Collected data
╔══
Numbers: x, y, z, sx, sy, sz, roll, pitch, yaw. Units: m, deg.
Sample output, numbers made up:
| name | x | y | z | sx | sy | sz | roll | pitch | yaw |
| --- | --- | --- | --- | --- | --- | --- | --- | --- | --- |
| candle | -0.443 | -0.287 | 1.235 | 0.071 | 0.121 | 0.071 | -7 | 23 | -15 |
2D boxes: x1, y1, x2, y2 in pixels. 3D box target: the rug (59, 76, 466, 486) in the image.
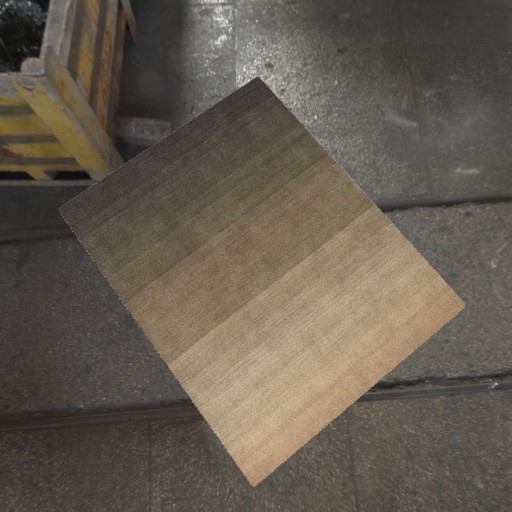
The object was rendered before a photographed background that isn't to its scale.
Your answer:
| name | x | y | z | sx | sy | sz | roll | pitch | yaw |
| --- | --- | --- | --- | --- | --- | --- | --- | --- | --- |
| rug | 0.000 | 0.000 | 3.892 | 2.306 | 0.017 | 2.902 | -37 | 78 | -9 |
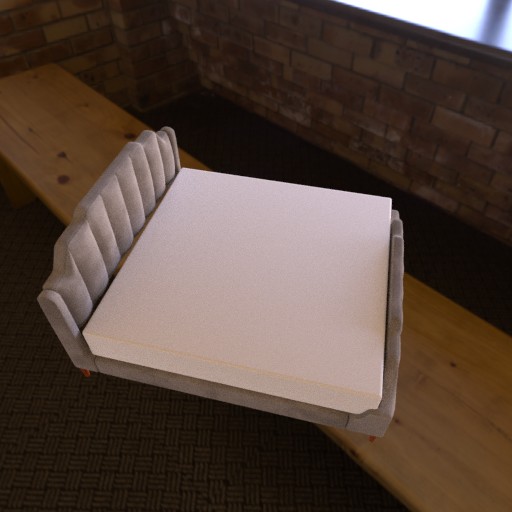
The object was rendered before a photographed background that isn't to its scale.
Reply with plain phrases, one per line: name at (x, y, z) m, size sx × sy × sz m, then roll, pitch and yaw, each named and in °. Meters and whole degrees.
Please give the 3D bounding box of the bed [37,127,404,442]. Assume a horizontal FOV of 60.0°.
bed at (0.000, 0.000, 3.546) m, size 2.340 × 1.245 × 2.074 m, roll 10°, pitch 47°, yaw 9°
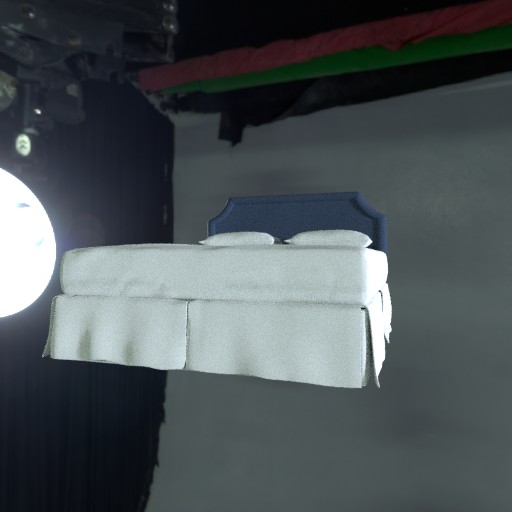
╚══
#### [Assigned task]
Nothing but the lines from the line with "Reply with plain" through the last line of the data above should be printed, exactly as written and without pictures.

#### [Worked solution]
Reply with plain phrases, one per line: name at (x, y, z) m, size sx × sy × sz m, then roll, pitch and yaw, each named and in °. Meters and whole degrees.
Please give the 3D bounding box of the bed [37,127,404,442]. Assume a horizontal FOV of 60.0°.
bed at (0.000, 0.000, 3.546) m, size 2.340 × 1.245 × 2.074 m, roll 10°, pitch 47°, yaw 9°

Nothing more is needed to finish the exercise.